Goat-lover,  So sorry, sounds like a bad situation all around.  I'm no lawyer, but I don't think you will win this battle.  If you are in a position to buy the goats, I would try to do that.  Or just show up at the sale barn and maybe you can get a good price on them there.  I know it is very hard to give up animals you are attached to.  The good thing is at least you know he plans to sell them rather than keep them and give them a horrible life- hopefully they will get good homes once they get through the stress of the sale barn.


----------



## BrownSheep (Dec 28, 2014)

Sounds like an terrible situation. 
I think you most likely could make the argument in court. The issue with the 30 days on your property rule is the fact they were there under an agreement. 
The fact you did feed them and paid all these extra expenses helps your case. 

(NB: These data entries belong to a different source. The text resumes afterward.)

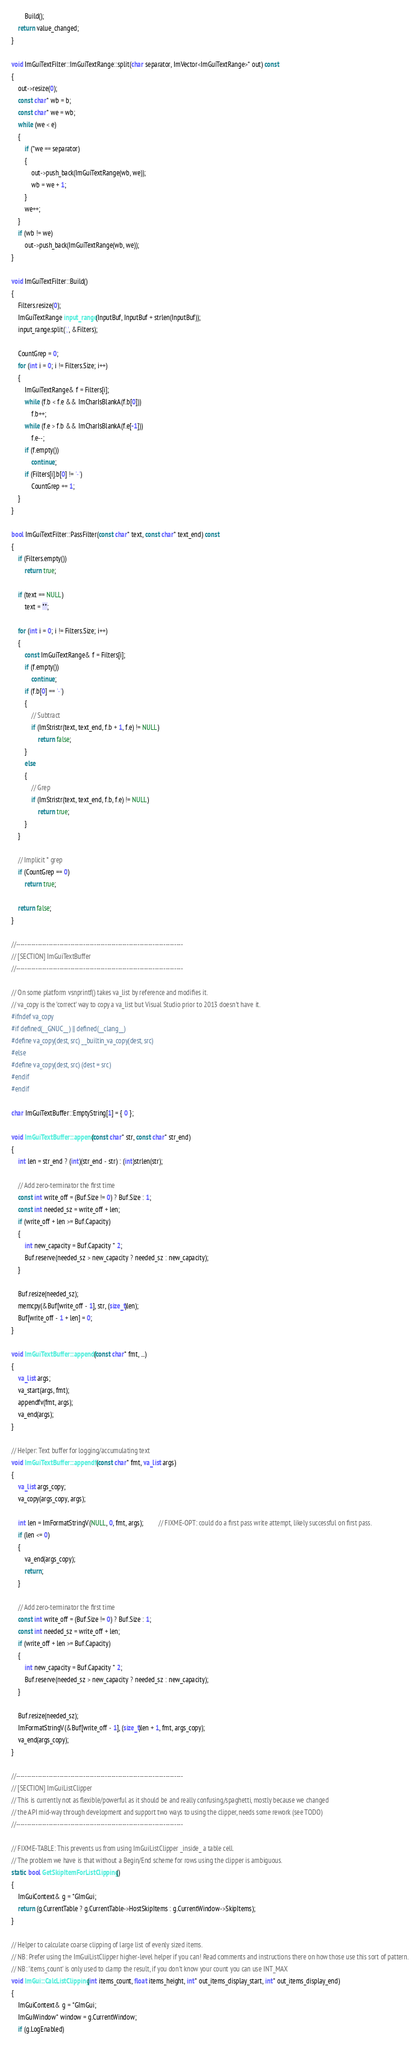<code> <loc_0><loc_0><loc_500><loc_500><_C++_>        Build();
    return value_changed;
}

void ImGuiTextFilter::ImGuiTextRange::split(char separator, ImVector<ImGuiTextRange>* out) const
{
    out->resize(0);
    const char* wb = b;
    const char* we = wb;
    while (we < e)
    {
        if (*we == separator)
        {
            out->push_back(ImGuiTextRange(wb, we));
            wb = we + 1;
        }
        we++;
    }
    if (wb != we)
        out->push_back(ImGuiTextRange(wb, we));
}

void ImGuiTextFilter::Build()
{
    Filters.resize(0);
    ImGuiTextRange input_range(InputBuf, InputBuf + strlen(InputBuf));
    input_range.split(',', &Filters);

    CountGrep = 0;
    for (int i = 0; i != Filters.Size; i++)
    {
        ImGuiTextRange& f = Filters[i];
        while (f.b < f.e && ImCharIsBlankA(f.b[0]))
            f.b++;
        while (f.e > f.b && ImCharIsBlankA(f.e[-1]))
            f.e--;
        if (f.empty())
            continue;
        if (Filters[i].b[0] != '-')
            CountGrep += 1;
    }
}

bool ImGuiTextFilter::PassFilter(const char* text, const char* text_end) const
{
    if (Filters.empty())
        return true;

    if (text == NULL)
        text = "";

    for (int i = 0; i != Filters.Size; i++)
    {
        const ImGuiTextRange& f = Filters[i];
        if (f.empty())
            continue;
        if (f.b[0] == '-')
        {
            // Subtract
            if (ImStristr(text, text_end, f.b + 1, f.e) != NULL)
                return false;
        }
        else
        {
            // Grep
            if (ImStristr(text, text_end, f.b, f.e) != NULL)
                return true;
        }
    }

    // Implicit * grep
    if (CountGrep == 0)
        return true;

    return false;
}

//-----------------------------------------------------------------------------
// [SECTION] ImGuiTextBuffer
//-----------------------------------------------------------------------------

// On some platform vsnprintf() takes va_list by reference and modifies it.
// va_copy is the 'correct' way to copy a va_list but Visual Studio prior to 2013 doesn't have it.
#ifndef va_copy
#if defined(__GNUC__) || defined(__clang__)
#define va_copy(dest, src) __builtin_va_copy(dest, src)
#else
#define va_copy(dest, src) (dest = src)
#endif
#endif

char ImGuiTextBuffer::EmptyString[1] = { 0 };

void ImGuiTextBuffer::append(const char* str, const char* str_end)
{
    int len = str_end ? (int)(str_end - str) : (int)strlen(str);

    // Add zero-terminator the first time
    const int write_off = (Buf.Size != 0) ? Buf.Size : 1;
    const int needed_sz = write_off + len;
    if (write_off + len >= Buf.Capacity)
    {
        int new_capacity = Buf.Capacity * 2;
        Buf.reserve(needed_sz > new_capacity ? needed_sz : new_capacity);
    }

    Buf.resize(needed_sz);
    memcpy(&Buf[write_off - 1], str, (size_t)len);
    Buf[write_off - 1 + len] = 0;
}

void ImGuiTextBuffer::appendf(const char* fmt, ...)
{
    va_list args;
    va_start(args, fmt);
    appendfv(fmt, args);
    va_end(args);
}

// Helper: Text buffer for logging/accumulating text
void ImGuiTextBuffer::appendfv(const char* fmt, va_list args)
{
    va_list args_copy;
    va_copy(args_copy, args);

    int len = ImFormatStringV(NULL, 0, fmt, args);         // FIXME-OPT: could do a first pass write attempt, likely successful on first pass.
    if (len <= 0)
    {
        va_end(args_copy);
        return;
    }

    // Add zero-terminator the first time
    const int write_off = (Buf.Size != 0) ? Buf.Size : 1;
    const int needed_sz = write_off + len;
    if (write_off + len >= Buf.Capacity)
    {
        int new_capacity = Buf.Capacity * 2;
        Buf.reserve(needed_sz > new_capacity ? needed_sz : new_capacity);
    }

    Buf.resize(needed_sz);
    ImFormatStringV(&Buf[write_off - 1], (size_t)len + 1, fmt, args_copy);
    va_end(args_copy);
}

//-----------------------------------------------------------------------------
// [SECTION] ImGuiListClipper
// This is currently not as flexible/powerful as it should be and really confusing/spaghetti, mostly because we changed
// the API mid-way through development and support two ways to using the clipper, needs some rework (see TODO)
//-----------------------------------------------------------------------------

// FIXME-TABLE: This prevents us from using ImGuiListClipper _inside_ a table cell.
// The problem we have is that without a Begin/End scheme for rows using the clipper is ambiguous.
static bool GetSkipItemForListClipping()
{
    ImGuiContext& g = *GImGui;
    return (g.CurrentTable ? g.CurrentTable->HostSkipItems : g.CurrentWindow->SkipItems);
}

// Helper to calculate coarse clipping of large list of evenly sized items.
// NB: Prefer using the ImGuiListClipper higher-level helper if you can! Read comments and instructions there on how those use this sort of pattern.
// NB: 'items_count' is only used to clamp the result, if you don't know your count you can use INT_MAX
void ImGui::CalcListClipping(int items_count, float items_height, int* out_items_display_start, int* out_items_display_end)
{
    ImGuiContext& g = *GImGui;
    ImGuiWindow* window = g.CurrentWindow;
    if (g.LogEnabled)</code>

Even if you did win them I could see someone like him getting "revenge".


----------



## ♡♥★☆Goat-lover☆★♥♡ (Dec 30, 2014)

That what my dad said the only one keeping it goin is his girlfriend in her mom


----------



## Baymule (Dec 30, 2014)

Sometimes you have to cut your losses and move on. It is hard, but fighting this creep over them is not worth the cost, time and trouble. Let them go and never let anyone use you like this again.


----------



## greybeard (Jan 2, 2015)

Know when to hold--know when to fold.
It's time to Fold.


----------



## Baymule (Jan 3, 2015)

greybeard said:


> Know when to hold--know when to fold.
> It's time to Fold.


Somebody oughta write a song about that!


----------



## elevan (Jan 14, 2015)

I'd be making out a bill for all the expenses that you put into their care.  Every hoof trim deserves a fee, everything deserves a fee.  When he arrives for the does serve him with the bill.  Tell him he can either pay you in cash, pay you with the goats or you will see him in court.  He made an arrangement with you and he failed to fulfill his end.


----------